• _EXERCISE AIM_:
Where the entries below show "Instruction: Pick the korla pear.", begin there and print that line and all following lines exactly, through the last, omitting pictures.
==========
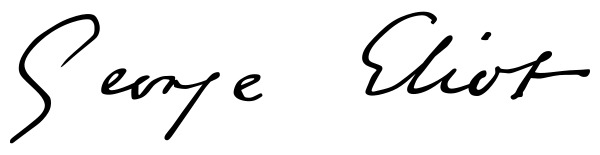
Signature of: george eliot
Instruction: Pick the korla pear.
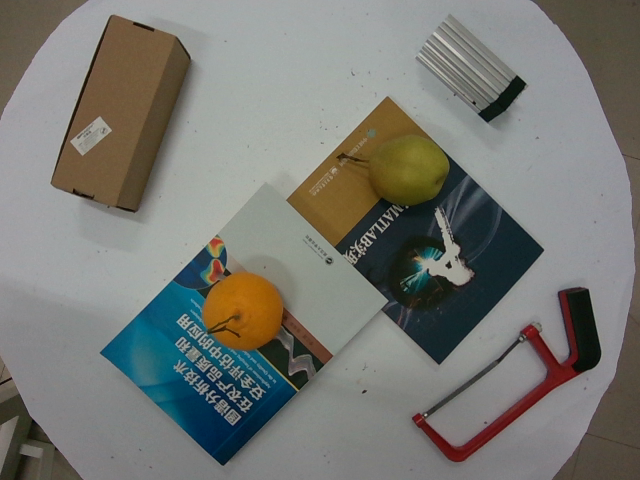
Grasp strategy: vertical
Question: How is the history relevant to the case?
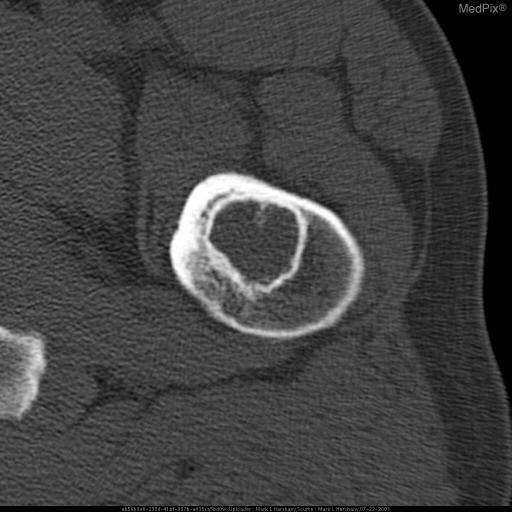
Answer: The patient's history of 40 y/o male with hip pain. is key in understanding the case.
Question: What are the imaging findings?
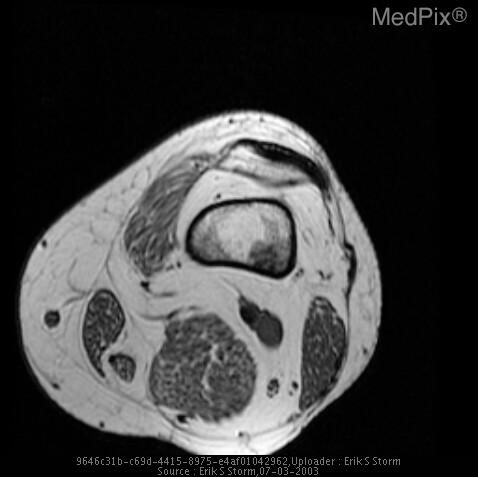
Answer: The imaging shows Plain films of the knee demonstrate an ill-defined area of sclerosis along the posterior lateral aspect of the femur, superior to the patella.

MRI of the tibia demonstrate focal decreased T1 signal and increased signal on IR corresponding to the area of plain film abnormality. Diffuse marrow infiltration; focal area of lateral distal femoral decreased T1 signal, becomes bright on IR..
==========
• _SOLUTION FOR THIS TASK_:
Instruction: Pick the korla pear.
Grasp strategy: vertical
Question: How is the history relevant to the case?
Answer: The patient's history of 40 y/o male with hip pain. is key in understanding the case.
Question: What are the imaging findings?
Answer: The imaging shows Plain films of the knee demonstrate an ill-defined area of sclerosis along the posterior lateral aspect of the femur, superior to the patella.

MRI of the tibia demonstrate focal decreased T1 signal and increased signal on IR corresponding to the area of plain film abnormality. Diffuse marrow infiltration; focal area of lateral distal femoral decreased T1 signal, becomes bright on IR..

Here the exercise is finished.